Его снова «перемкнуло». Забыв о моем присутствии, он стал, как истукан. Потом поёжился, пошевелил в карманах руками и снова замер. Ни дать ни взять – мультяшный Винни Пух после падения с дуба. Через минуту он забавно чмокнул воздух и выдохнул:
– Н-нда-а-а-а… И тем не менее.
– Послушайте. Я видела в передаче «Говорыть Украина», как девушку с ДЦП, лежачую, совсем плохую родители отдали в интернат, а многодетная семья её забрала. Там ей хорошо. Теперь у  овоща, как вы выражаетесь, есть сестры и братья, которые с ней разговаривают, читают ей книжки и попутно сами учатся добру. А в интернате дети-инвалиды развиваются, общаются друг с другом, проходят обучение по специальной программе. ДЦП – это не умственная отсталость. Некоторые сочиняют, занимаются литературным трудом. Другие, владея хотя бы одной конечностью, могут рисовать, изготавливать различные поделки, даже вышивать. Инвалиды участвуют в выставках. То, что они создают, если можно так сказать, своими руками, посетители с удовольствием покупают.  Зачастую люди с ограниченными возможностями сами себя материально обеспечивают.
– В интернат мать ни в какую не согласна. Вцепилась в своё детище так, что клещами не отдерёшь, – проговорил мой собеседник и утонул в раздумьях.

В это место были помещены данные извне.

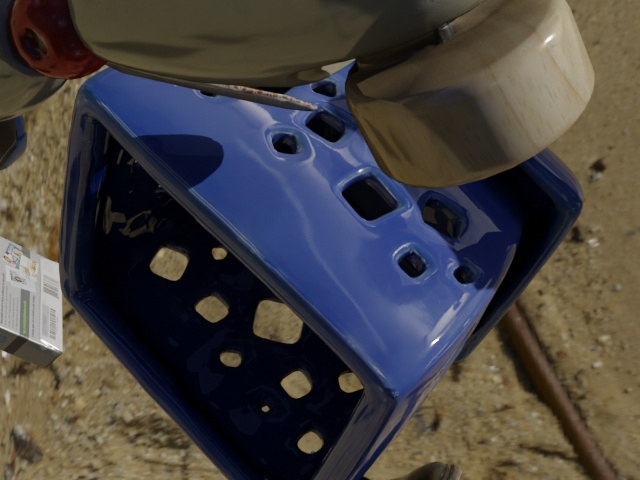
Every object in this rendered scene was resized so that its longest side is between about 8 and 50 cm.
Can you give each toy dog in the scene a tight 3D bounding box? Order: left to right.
[{"bbox_3d":[-0.033,-0.127,0.473,0.333,0.220,0.161,18,46,30],"label":"toy dog"}]

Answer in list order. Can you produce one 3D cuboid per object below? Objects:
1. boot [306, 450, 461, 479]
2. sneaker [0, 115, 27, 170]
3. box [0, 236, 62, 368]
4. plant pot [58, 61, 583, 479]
[{"bbox_3d":[0.012,0.211,0.918,0.106,0.219,0.082,40,40,-4],"label":"boot"},{"bbox_3d":[-0.315,-0.120,0.969,0.081,0.232,0.090,24,61,19],"label":"sneaker"},{"bbox_3d":[-0.377,0.049,1.318,0.186,0.038,0.145,31,30,-36],"label":"box"},{"bbox_3d":[0.000,0.000,0.700,0.212,0.236,0.236,-37,74,-29],"label":"plant pot"}]
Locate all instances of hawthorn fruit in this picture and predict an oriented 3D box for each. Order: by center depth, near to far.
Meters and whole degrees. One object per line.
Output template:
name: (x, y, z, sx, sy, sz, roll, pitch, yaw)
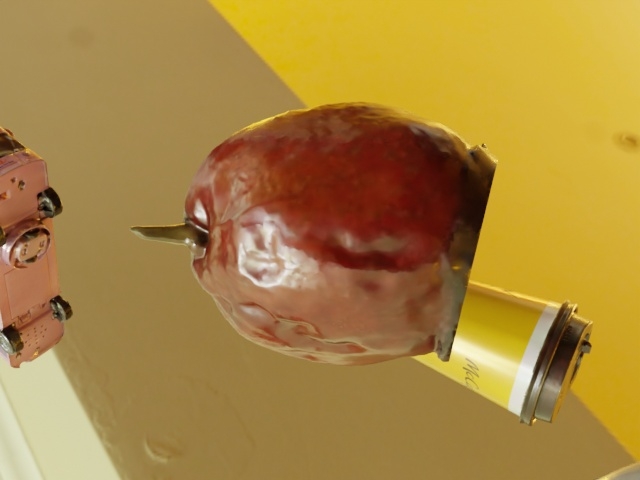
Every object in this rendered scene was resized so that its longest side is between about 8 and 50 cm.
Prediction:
hawthorn fruit: (0.000, 0.000, 0.601, 0.251, 0.189, 0.189, -7, -133, -8)

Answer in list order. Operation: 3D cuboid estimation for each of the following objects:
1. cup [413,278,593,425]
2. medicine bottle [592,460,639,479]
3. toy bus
cup: (0.252, 0.148, 1.314, 0.279, 0.196, 0.196, 21, -134, 20)
medicine bottle: (0.334, 0.366, 0.758, 0.245, 0.245, 0.306, -6, -129, -16)
toy bus: (-0.240, 0.008, 0.659, 0.090, 0.203, 0.063, 36, -131, 23)
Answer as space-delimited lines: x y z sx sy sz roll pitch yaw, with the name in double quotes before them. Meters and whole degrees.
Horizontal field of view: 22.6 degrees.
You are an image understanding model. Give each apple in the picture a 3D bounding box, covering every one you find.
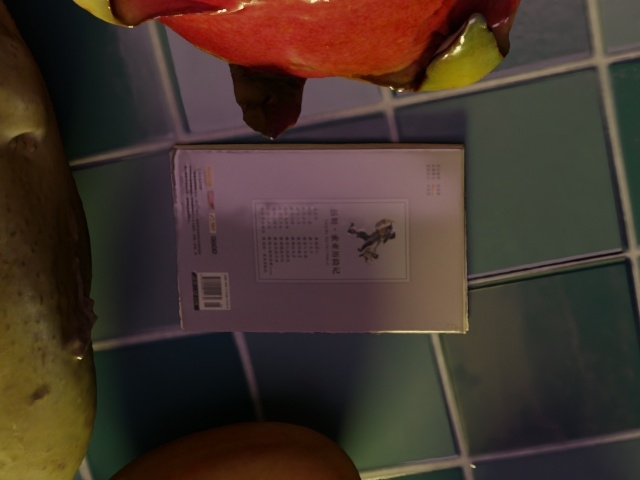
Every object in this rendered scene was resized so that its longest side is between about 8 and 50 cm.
"apple" -0.052 0.195 0.986 0.199 0.199 0.199 2 113 4

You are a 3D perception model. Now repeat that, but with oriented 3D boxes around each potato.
"potato" -0.226 0.013 0.898 0.202 0.218 0.351 1 114 -25

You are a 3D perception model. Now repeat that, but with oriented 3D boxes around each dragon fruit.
"dragon fruit" -0.001 -0.200 0.801 0.291 0.189 0.290 2 114 4

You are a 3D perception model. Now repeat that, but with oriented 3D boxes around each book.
"book" 0.000 0.000 0.984 0.182 0.014 0.127 0 113 5
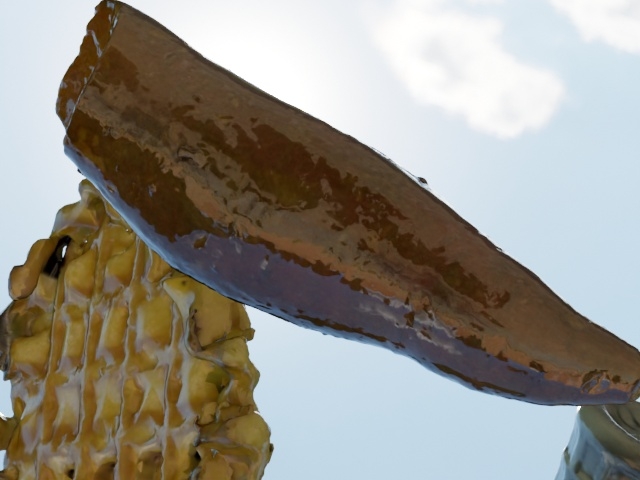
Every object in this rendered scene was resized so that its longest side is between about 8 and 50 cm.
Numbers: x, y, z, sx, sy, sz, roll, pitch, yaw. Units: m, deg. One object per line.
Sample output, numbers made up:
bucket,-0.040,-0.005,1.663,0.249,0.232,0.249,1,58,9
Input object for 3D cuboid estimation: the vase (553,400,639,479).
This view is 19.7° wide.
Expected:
vase,0.152,0.249,1.149,0.143,0.299,0.143,22,-165,-6

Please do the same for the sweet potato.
sweet potato,0.000,0.000,0.640,0.243,0.077,0.077,34,-149,16

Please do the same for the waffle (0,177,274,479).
waffle,-0.119,0.104,1.016,0.060,0.262,0.280,14,-157,-39
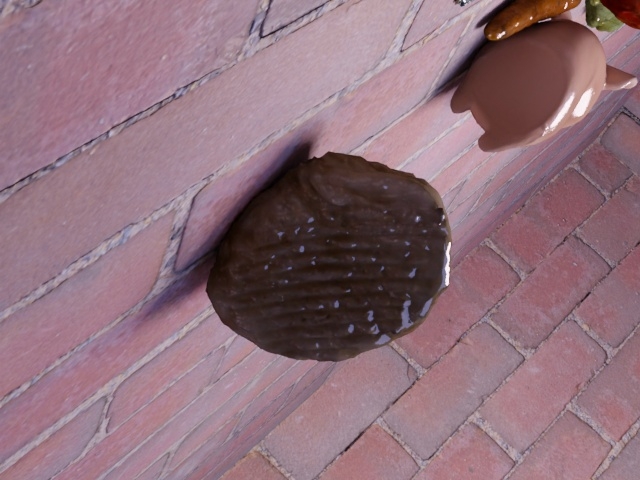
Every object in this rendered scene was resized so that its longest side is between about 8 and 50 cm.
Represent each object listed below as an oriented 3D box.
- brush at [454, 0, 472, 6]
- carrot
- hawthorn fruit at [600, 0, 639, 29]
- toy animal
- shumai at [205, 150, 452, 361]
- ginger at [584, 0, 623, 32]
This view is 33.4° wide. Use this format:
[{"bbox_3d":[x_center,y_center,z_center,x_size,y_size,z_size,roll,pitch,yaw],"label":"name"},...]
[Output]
[{"bbox_3d":[0.198,-0.315,1.354,0.083,0.013,0.016,-37,163,-44],"label":"brush"},{"bbox_3d":[0.304,-0.336,1.559,0.209,0.061,0.061,-33,162,-37],"label":"carrot"},{"bbox_3d":[0.468,-0.407,1.477,0.271,0.242,0.242,-17,149,-56],"label":"hawthorn fruit"},{"bbox_3d":[0.347,-0.246,1.671,0.213,0.195,0.256,-44,173,27],"label":"toy animal"},{"bbox_3d":[0.000,0.000,1.405,0.314,0.267,0.262,-19,-161,0],"label":"shumai"},{"bbox_3d":[0.528,-0.443,1.918,0.137,0.089,0.290,-69,167,15],"label":"ginger"}]
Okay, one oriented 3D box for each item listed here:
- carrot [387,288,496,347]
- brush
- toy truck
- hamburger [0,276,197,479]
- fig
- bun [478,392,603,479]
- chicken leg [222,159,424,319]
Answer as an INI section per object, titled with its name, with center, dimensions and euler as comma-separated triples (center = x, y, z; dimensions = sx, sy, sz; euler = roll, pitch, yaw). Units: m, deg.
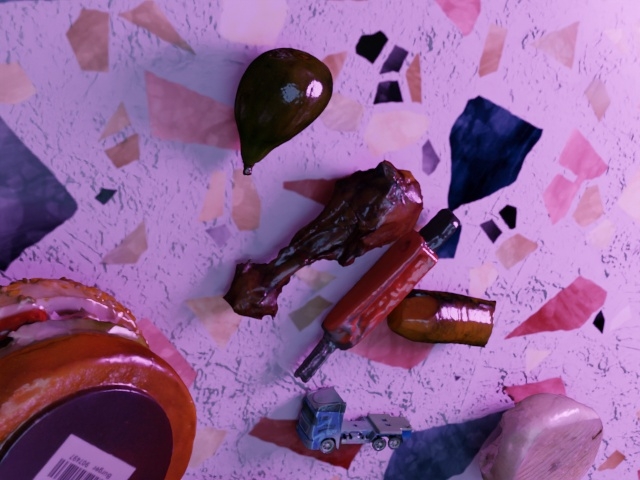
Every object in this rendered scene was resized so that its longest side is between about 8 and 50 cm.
[carrot]
center = 0.181, 0.113, 1.455
dimensions = 0.173, 0.082, 0.082
euler = 7, 109, -20
[brush]
center = 0.074, 0.077, 1.405
dimensions = 0.051, 0.070, 0.323
euler = 39, 95, -26
[toy truck]
center = 0.056, 0.264, 1.478
dimensions = 0.175, 0.067, 0.081
euler = 4, 109, -22
[hamburger]
center = -0.330, 0.215, 1.190
dimensions = 0.330, 0.250, 0.330
euler = -23, 128, -33
[fig]
center = -0.064, -0.159, 1.243
dimensions = 0.117, 0.117, 0.177
euler = 24, 124, -28
[bun]
center = 0.341, 0.324, 1.586
dimensions = 0.210, 0.116, 0.237
euler = -46, 134, -1
[chicken leg]
center = 0.000, 0.000, 1.343
dimensions = 0.304, 0.093, 0.113
euler = -33, 102, 4
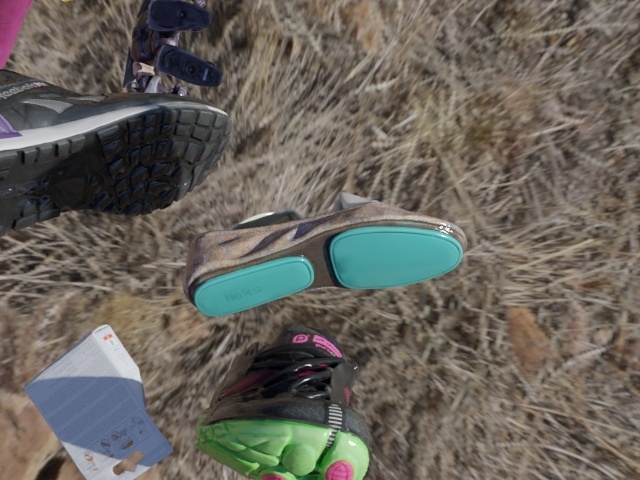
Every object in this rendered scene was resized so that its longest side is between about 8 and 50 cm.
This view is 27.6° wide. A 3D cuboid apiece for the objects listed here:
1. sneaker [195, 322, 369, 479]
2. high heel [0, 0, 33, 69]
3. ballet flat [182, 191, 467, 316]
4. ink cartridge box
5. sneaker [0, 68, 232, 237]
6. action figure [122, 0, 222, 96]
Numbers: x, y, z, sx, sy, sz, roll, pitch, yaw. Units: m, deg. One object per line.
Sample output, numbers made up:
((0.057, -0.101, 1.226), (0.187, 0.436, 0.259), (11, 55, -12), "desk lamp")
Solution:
((-0.046, 0.196, 1.599), (0.185, 0.483, 0.202), (27, 82, -13), "sneaker")
((-0.384, -0.335, 1.564), (0.127, 0.181, 0.377), (36, 116, -5), "high heel")
((0.000, 0.000, 1.441), (0.315, 0.108, 0.106), (-8, 44, -3), "ballet flat")
((-0.272, 0.216, 1.641), (0.145, 0.045, 0.179), (-37, 89, 27), "ink cartridge box")
((-0.194, -0.087, 0.949), (0.124, 0.283, 0.107), (49, 129, 27), "sneaker")
((-0.207, -0.269, 1.773), (0.099, 0.285, 0.185), (3, 99, -17), "action figure")

Он слегка наклонил голову, и угол его зрения на свет божий невольно изменился. Этого было достаточно, чтобы жидкий сумрак, разбадяженный февральской моросью, проник в зазеркалье очков. Он оголил глубоко затаившиеся глазки-крючки, которые зацепили что-то плотно свёрнутое во мне и потащили наружу. Я стала говорить, разматывая нить повествования о тех, кого встретила на перекрёстках моей жизни.

– Молодая киевлянка Оксана Пироженко и её мама продали столичную квартиру, дачу – всё, чтобы переехать на ПМЖ в Крым ради своего мальчика. Малыш родился совершенно здоровым. Но через некоторое время детский организм перестал усваивать кальций и с годами ребёнок превратился в уродливую куклу со спичечными конечностями, несоразмерно большой и очень умной головой. Папаша удрал, заново женился и родил нового, уже здорового сына. А мать и бабушка не убежали от испытания, повели себя достойно, окружив мальчика любовью и заботой. Любая женщина привязана к своему ребёнку, неважно, болен он или здоров.
 
Материнство – это навсегда. И здесь в первую очередь стоит вопрос не о том, будет ли польза от инвалида стране, а о том, как страна относится к своим беззащитным гражданам – старикам, детям, людям с ограниченными возможностями. Имеет ли право государство называться гуманистическим и демократическим? Разве не оно обязано оказывать помощь нуждающимся? Неужели эти прописные истины кому-то ещё не известны?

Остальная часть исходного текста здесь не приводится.